Table of Contents
1. Scaling:
In most cases, the numerical features of the dataset do not have a certain range and they differ from each other. In order for a symmetric dataset, scaling is required.
1.1 Normalization:
Normalization (or min-max normalization) scales all values in a fixed range between 0 and 1. This transformation does not change the distribution of the feature and due to the decreased standard deviations, the effects of the outliers increases. Therefore, before normalization, it is recommended to handle the outliers
Normalization is a good technique to use when you do not know the distribution of your data or when you know the distribution is not Gaussian (a bell curve). Normalization is useful when your data has varying scales and the algorithm you are using does not make assumptions about the distribution of your data, such as k-nearest neighbors and artificial neural networks.
1.2 Standardization:
Standardization: (or z-score normalization) scales the values while taking into account standard deviation. If the standard deviation of features is different, their range also would differ from each other. This reduces the effect of the outliers in the features.
Standardizations are involved majorly where there is distance involved in Gradient Descent (Linear Regression, KNN, etc.) or in ANN for faster convergence while Normalization is involved in places of classification or CNN (for scaling down the pixel values).
Standardization assumes that your data has a Gaussian (bell curve) distribution. This does not strictly have to be true, but the technique is more effective if your attribute distribution is Gaussian. Standardization is useful when your data has varying scales and the algorithm you are using does make assumptions about your data having a Gaussian distribution, such as linear regression, logistic regression, and linear discriminant analysis.

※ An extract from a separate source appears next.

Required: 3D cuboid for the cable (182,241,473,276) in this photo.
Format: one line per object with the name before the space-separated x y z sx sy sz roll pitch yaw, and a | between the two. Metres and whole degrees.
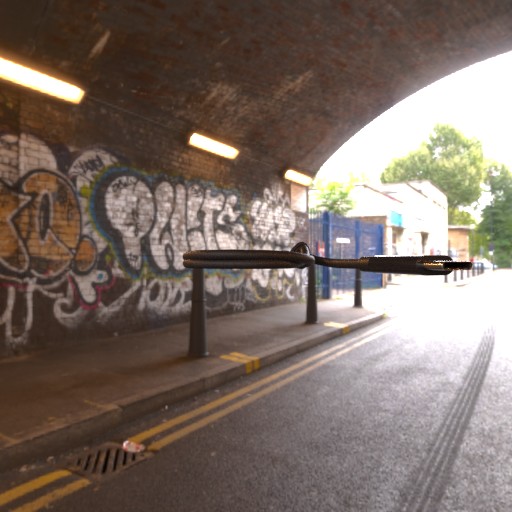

Standardisation is more robust to outliers, and in many cases, it is preferable over Max-Min Normalisation. Link
Applied standardization to numerical columns and not the other One-Hot Encoded features. Standardizing the One-Hot encoded features would mean assigning a distribution to categorical features. You don’t want to do that!
But why did I not do the same while normalizing the data? Because One-Hot encoded features are already in the range between 0 to 1. So, normalization would not affect their value.
Note: If an algorithm is not distance-based, feature scaling is unimportant, including Naive Bayes, Linear Discriminant Analysis, and Tree-Based models (gradient boosting, rf, etc.).
2. Missing Value/ Imputation
https://www.displayr.com/5-ways-deal-missing-data-cluster-analysis/ In Case of Clustering
3. Handling Outliers
3.1 Find Outlier
http://r-statistics.co/Outlier-Treatment-With-R.html
- Univariate approach: For a given continuous variable, outliers are those observations that lie outside 1.5 * IQR, where IQR, the ‘Inter Quartile Range’ is the difference between 75th and 25th quartiles. Look at the points outside the whiskers in below box plot.
- Bivariate approach: Visualize in box-plot of the X and Y, for categorical X’s
- Multivariate Model Approach: Cooks Distance: Cook’s distance is a measure computed with respect to a given regression model and therefore is impacted only by the X variables included in the model. But, what does cook’s distance mean? It computes the influence exerted by each data point (row) on the predicted outcome. In general use, those observations that have a cook’s distance greater than 4 times the mean may be classified as influential. This is not a hard boundary.
3.2 Treating the outliers
- Imputation: Imputation with mean / median / mode. This method has been dealt with in detail in the discussion about treating missing values.
- Capping: For missing values that lie outside the 1.5 * IQR limits, we could cap it by replacing those observations outside the lower limit with the value of 5th %ile and those that lie above the upper limit, with the value of 95th %ile.